Richmond City Council rejects councilman’s proposal on removal of Monument Avenue statues
By MARK ROBINSON
The Richmond City Council on Monday rejected a proposal to request the Virginia General Assembly grant the city authority to remove the Confederate statues on Monument Avenue.
The council rebuffed the proposal, put forth by 9th District Councilman Michael Jones, with six members opposed. A majority of council members said after an hourlong public hearing that they would not support Jones’ plan because Richmond Mayor Levar Stoney’s Monument Avenue Commission had not finished its public engagement process and rendered its recommendations.
In remarks before the hearing and the council vote, Jones made a passionate plea to his colleagues to support his proposal and do what he said was “morally right” by asking the state to give the council the authority to “control its own destiny” on the issue.
“To do anything to (the monuments) — whether you’re adding or taking away — we’re still going to need the General Assembly’s approval,” Jones said. “As a locality, I think we should have that right to say what it is we want to do.”
Ellen F. Robertson, the 6th District councilwoman, voted for Jones’ proposal. Cynthia I. Newbille, the council’s vice president, abstained.
The vote came after an hourlong public hearing that saw 23 speakers weigh in on the proposal and the larger discussion of the future of the monuments to Confederate Gens. Robert E. Lee, J.E.B. Stuart and Stonewall Jackson; the president of the Confederacy, Jefferson Davis; and oceanographer Matthew Fontaine Maury, who served as a Confederate naval commander.
Ten people opposed the request. They argued that the monuments were historically and culturally relevant and that removing them would hurt tourism in the city or squander an opportunity for education or reconciliation.
“If I lived in any other city, I would 100 percent agree with you,” said Ned Ruffin, who said he did not support the proposal. He added later: “I do think we have an incredibly unique opportunity to add context, to teach folks about what was wrong and what can be right.”
On the other side, 13 speakers who supported Jones’ proposal and the removal or relocation of the monuments maintained that the statues were symbols of white supremacy that stood as an insult to many who call Richmond home, and could not be reinterpreted in a way that would change that.
“Earlier it was mentioned we should have pride in our history; I cannot explain to a black child why they should take pride in that statue being there,” said LeSean Greene. “I cannot find it in me to have a reason to say that ‘You should be proud of that statue.’”
Jones introduced the proposal in September. In it, he wrote that a white nationalist rally held in Charlottesville in August “demonstrates that memorials to historical figures associated with the Confederate States of America such as these five statues on Monument Avenue continue to inspire racial division.”

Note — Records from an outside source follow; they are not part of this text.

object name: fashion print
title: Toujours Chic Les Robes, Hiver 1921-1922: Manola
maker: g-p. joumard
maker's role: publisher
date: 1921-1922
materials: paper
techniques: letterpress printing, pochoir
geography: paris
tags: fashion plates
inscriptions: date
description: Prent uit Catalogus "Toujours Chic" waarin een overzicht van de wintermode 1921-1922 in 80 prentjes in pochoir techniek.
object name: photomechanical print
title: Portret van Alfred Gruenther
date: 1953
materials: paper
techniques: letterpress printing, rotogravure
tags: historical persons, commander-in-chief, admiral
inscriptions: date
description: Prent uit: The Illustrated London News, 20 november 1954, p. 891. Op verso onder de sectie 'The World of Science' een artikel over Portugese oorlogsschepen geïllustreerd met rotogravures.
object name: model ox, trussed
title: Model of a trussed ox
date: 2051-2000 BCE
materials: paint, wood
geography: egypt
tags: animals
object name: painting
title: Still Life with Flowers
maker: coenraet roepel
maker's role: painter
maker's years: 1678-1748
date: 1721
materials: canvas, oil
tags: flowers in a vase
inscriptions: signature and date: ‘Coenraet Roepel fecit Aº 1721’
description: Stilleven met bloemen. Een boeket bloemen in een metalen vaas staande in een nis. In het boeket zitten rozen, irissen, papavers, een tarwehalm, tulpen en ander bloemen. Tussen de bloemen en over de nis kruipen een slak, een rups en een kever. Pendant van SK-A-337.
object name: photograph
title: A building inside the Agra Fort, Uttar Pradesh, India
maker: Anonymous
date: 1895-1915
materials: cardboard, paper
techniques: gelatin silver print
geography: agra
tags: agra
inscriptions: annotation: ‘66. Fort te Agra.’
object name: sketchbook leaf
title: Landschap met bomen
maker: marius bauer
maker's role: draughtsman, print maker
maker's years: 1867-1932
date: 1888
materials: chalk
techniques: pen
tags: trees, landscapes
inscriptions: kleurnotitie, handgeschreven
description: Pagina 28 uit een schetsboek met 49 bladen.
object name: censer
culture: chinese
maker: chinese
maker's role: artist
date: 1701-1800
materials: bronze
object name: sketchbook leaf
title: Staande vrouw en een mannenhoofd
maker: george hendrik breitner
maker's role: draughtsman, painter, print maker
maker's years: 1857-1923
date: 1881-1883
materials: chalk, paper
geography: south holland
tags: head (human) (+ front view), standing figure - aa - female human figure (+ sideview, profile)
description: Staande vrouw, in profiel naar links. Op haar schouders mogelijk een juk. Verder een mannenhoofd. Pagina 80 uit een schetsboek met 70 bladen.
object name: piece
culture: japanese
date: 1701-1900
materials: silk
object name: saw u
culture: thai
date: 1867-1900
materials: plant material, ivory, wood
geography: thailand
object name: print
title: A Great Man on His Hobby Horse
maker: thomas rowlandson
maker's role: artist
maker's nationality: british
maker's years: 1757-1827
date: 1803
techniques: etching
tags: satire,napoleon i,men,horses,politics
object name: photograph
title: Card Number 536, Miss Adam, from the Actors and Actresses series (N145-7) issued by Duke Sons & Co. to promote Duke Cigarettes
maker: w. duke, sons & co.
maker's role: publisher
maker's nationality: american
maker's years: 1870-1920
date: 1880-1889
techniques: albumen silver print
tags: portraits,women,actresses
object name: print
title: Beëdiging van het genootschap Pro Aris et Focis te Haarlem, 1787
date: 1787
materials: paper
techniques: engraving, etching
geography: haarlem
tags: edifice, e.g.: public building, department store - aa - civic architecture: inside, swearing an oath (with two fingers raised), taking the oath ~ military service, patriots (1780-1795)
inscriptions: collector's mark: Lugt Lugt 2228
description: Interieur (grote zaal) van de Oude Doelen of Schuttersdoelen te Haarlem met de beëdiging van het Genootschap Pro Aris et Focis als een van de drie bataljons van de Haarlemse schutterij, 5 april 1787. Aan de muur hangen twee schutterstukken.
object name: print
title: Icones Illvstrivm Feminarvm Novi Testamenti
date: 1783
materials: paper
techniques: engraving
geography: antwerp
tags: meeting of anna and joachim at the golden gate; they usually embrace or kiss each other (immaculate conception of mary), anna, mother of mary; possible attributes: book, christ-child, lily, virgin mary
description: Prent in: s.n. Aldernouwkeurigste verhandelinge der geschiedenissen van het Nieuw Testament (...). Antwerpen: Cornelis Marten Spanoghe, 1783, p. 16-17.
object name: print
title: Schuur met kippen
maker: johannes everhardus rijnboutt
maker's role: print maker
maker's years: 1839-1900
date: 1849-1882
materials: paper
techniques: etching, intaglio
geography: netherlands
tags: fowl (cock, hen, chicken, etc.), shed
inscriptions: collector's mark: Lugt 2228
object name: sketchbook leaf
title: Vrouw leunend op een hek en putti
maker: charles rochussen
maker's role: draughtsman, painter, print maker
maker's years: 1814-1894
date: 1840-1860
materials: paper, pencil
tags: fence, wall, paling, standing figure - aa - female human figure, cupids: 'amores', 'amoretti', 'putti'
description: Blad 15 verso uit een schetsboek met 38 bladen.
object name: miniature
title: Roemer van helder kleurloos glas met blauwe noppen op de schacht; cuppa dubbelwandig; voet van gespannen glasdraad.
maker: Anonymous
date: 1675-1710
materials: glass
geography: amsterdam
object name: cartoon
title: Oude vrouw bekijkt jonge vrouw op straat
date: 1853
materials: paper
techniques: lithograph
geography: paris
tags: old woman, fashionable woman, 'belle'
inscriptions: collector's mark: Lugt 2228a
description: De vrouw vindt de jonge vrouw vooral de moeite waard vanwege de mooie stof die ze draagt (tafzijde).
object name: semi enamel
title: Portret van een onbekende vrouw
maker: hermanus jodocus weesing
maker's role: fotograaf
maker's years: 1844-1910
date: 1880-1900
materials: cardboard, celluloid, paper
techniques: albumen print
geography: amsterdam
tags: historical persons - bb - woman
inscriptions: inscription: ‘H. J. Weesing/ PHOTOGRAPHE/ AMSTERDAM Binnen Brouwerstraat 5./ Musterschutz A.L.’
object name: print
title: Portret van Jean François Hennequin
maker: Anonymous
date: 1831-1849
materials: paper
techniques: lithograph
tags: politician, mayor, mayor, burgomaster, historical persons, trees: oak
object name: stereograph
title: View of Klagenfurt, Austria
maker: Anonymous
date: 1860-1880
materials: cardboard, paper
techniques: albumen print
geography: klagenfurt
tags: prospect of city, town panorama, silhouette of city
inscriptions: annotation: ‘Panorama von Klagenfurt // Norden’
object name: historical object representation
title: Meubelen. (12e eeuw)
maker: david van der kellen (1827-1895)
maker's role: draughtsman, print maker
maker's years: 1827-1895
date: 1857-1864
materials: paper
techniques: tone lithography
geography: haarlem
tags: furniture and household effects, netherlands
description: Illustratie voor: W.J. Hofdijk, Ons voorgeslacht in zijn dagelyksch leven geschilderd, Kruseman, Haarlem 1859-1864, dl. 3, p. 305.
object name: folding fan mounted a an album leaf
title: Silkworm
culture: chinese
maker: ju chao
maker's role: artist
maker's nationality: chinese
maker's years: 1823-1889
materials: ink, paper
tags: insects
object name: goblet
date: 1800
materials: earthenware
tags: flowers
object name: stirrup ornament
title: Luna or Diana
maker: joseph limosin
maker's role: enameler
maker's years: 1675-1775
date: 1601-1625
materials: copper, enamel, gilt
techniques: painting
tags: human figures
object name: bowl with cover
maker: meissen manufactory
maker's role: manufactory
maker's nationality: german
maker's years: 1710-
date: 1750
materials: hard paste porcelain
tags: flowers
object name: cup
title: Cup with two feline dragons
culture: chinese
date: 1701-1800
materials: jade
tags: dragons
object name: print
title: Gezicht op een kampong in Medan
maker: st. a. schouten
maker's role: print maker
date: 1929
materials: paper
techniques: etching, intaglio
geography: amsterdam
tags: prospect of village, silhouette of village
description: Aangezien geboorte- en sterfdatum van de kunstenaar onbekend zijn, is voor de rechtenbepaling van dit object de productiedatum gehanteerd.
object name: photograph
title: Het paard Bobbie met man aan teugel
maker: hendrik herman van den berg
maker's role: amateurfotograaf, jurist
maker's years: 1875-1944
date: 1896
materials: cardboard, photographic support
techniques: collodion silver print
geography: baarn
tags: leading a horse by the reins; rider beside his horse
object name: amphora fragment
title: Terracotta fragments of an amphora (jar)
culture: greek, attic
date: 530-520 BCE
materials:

He presented the request of the General Assembly as an alternate path the council could take on monument removal, rather than deferring to Stoney’s Monument Avenue Commission. He also said in August that he was intent on getting his fellow council members on the record on the matter.
Many council members were skeptical of the proposal from the start, saying the council had other priorities to focus on.
Jones countered Monday, saying the city could “walk and chew gum” at the same time, balancing its consideration of the future of the monuments with its discussions of public education, crime prevention and neighborhood revitalization.
Others said they wanted to hear Stoney’s commission’s findings, and echoed that point Monday, lobbying Jones to continue the proposal until the panel wraps up its work.
“We’ve yet to conclude what our next best steps are,” said 1st District representative Andreas Addison, who serves on the commission.
Newbille, the 7th District representative, said delaying a vote would allow for a broader conversation with citizens about what she called a “polarizing” issue.
“I want to hear the full continuum of options,” Newbille said.
Stoney appointed the 10-person commission in July, tasking it with prescribing how the city could “add context” to the Confederate monuments. After Charlottesville, Stoney later expanded his charge to the commission to include a consideration of removal or relocation.
Last month, the commission members decided to hold meetings with community groups interested in the issue at their request. Those meetings will take place beginning in January, and the commission will make recommendations to Stoney in May.
The city has little latitude to remove the monuments, according to a legal opinion from City Attorney Allen Jackson sent to council members in September. Beyond the charter provision Jones wanted to change, a 1997 amendment to state law forbids localities from removing war memorials.
In October, a judge ruled that the law protects Charlottesville’s Lee statue, which the city’s council had voted to remove, triggering a lawsuit from a pro-statue group that includes pro-Confederates. Richmond could face similar court battles if it chooses to pursue statue removal, unless state lawmakers change the rule.